Ainsi, le hub logistique, appelé également « ELU » (espace logistique urbain) pourrait permettre :

  1. de retirer un grand nombre de poids lourds des routes autour et dans Strasbourg, notamment par l'avenue du Rhin, grâce au ferroutage des camions vers ou en provenance du port automne par une navette ferroviaire (l’idée de départ) ;
  2. d'organiser les livraisons de marchandises par des moyens plus petits et moins polluant en ville ;
  3. de laisser la traversée aux seuls camions qui viennent charger de la marchandise, en dehors du port ;
  4. en réduisant le nombre de camions sur les routes de l’agglomération strasbourgeoise, on permettrait une meilleure fluidité du trafic routier et une baisse des émissions polluantes dans l’atmosphère et qui dégrade la qualité de l’air.

En résumé :

Ici, si le dossier semble au point mort, c'est surtout lié en premier lieu à la crise de la covid qui a compliqué la vie des entreprises durant plusieurs mois. La complexité technique de l'idée, le fait que tous les acteurs économiques n'avancent pas au même rythme, certains ayant même un anti écologisme maladif, n'aide pas.

D'un côté nous avons la réticence, voire l'hostilité des lobbies du transport de marchandises qui freinent des quatre fers le principe du ferroutage et donc, l'idée développée pour Strasbourg. De l'autre, le temps que nous n'avons pas forcément au regard des conditions du trafic routier (saturation de la M35, de l'avenue du Rhin) vis-à-vis de l'urgence climatique, avec la nécessité d'une étude sur la faisabilité de la navette ferroviaire qui s'inscrit dans une transformation des moyens logiques du port autonome. Aujourd'hui, « on n'a pas d'études sérieuses pour voir comment cela pourrait être mis en œuvre », explique la direction tournée vers son plan de développement du fret ferroviaire et fluvial. qui l'englobe et donne une visibilité, pas forcément compréhensible pour les observateurs extérieurs. 
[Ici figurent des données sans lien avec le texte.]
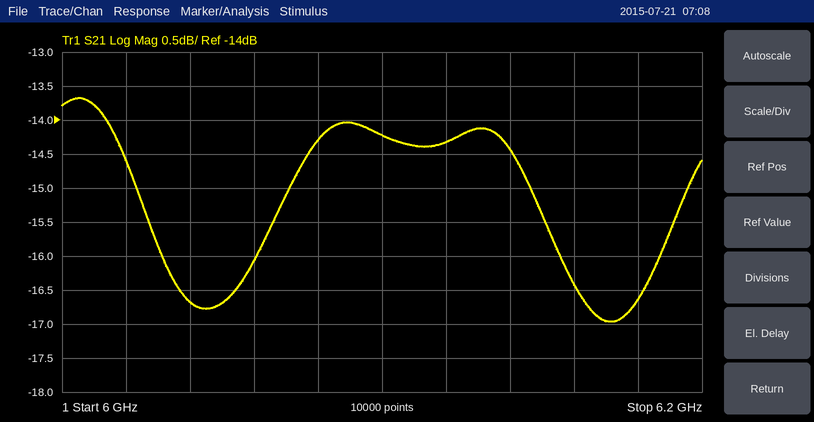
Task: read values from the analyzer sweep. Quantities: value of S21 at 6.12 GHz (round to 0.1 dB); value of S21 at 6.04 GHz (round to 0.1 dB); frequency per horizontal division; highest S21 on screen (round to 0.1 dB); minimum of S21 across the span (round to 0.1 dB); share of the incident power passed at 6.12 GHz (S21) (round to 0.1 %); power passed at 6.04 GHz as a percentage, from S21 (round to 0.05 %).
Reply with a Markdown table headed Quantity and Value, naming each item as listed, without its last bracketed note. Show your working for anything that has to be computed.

Cette réalité montre la difficulté de bousculer le schéma du transport de marchandises par la route, même s'il y a une recherche du développement d'alternatives comme l'évoque la présidente du port autonome de Strasbourg (fret par le ferroviaire ou fluvial), alors que les enjeux climatiques et de santé publique n'attendent plus... Avec plus de 40 0 00 décès par an en France, liés à la pollution du trafic automobile dont les camions ont une lourde part, on attend quoi ? Le temps est notre ennemi... la persévérance, notre alliée !


(1) La presse local évoque l'idée d'une navette ferroviaire pour acheminer les camions vers le port autonome et inversement et ainsi, les enlever du trafic routier des routes de l'agglomération strasbourgeoise, ici :

(2) Un hub logistique est une plateforme logistique destinée à toutes les activités liées au transport, au tri, à l'expédition et à la distribution de marchandises dans le cadre du transit national et international, applicable ici dans un cadre local spécifique à une grande agglomération comme Strasbourg.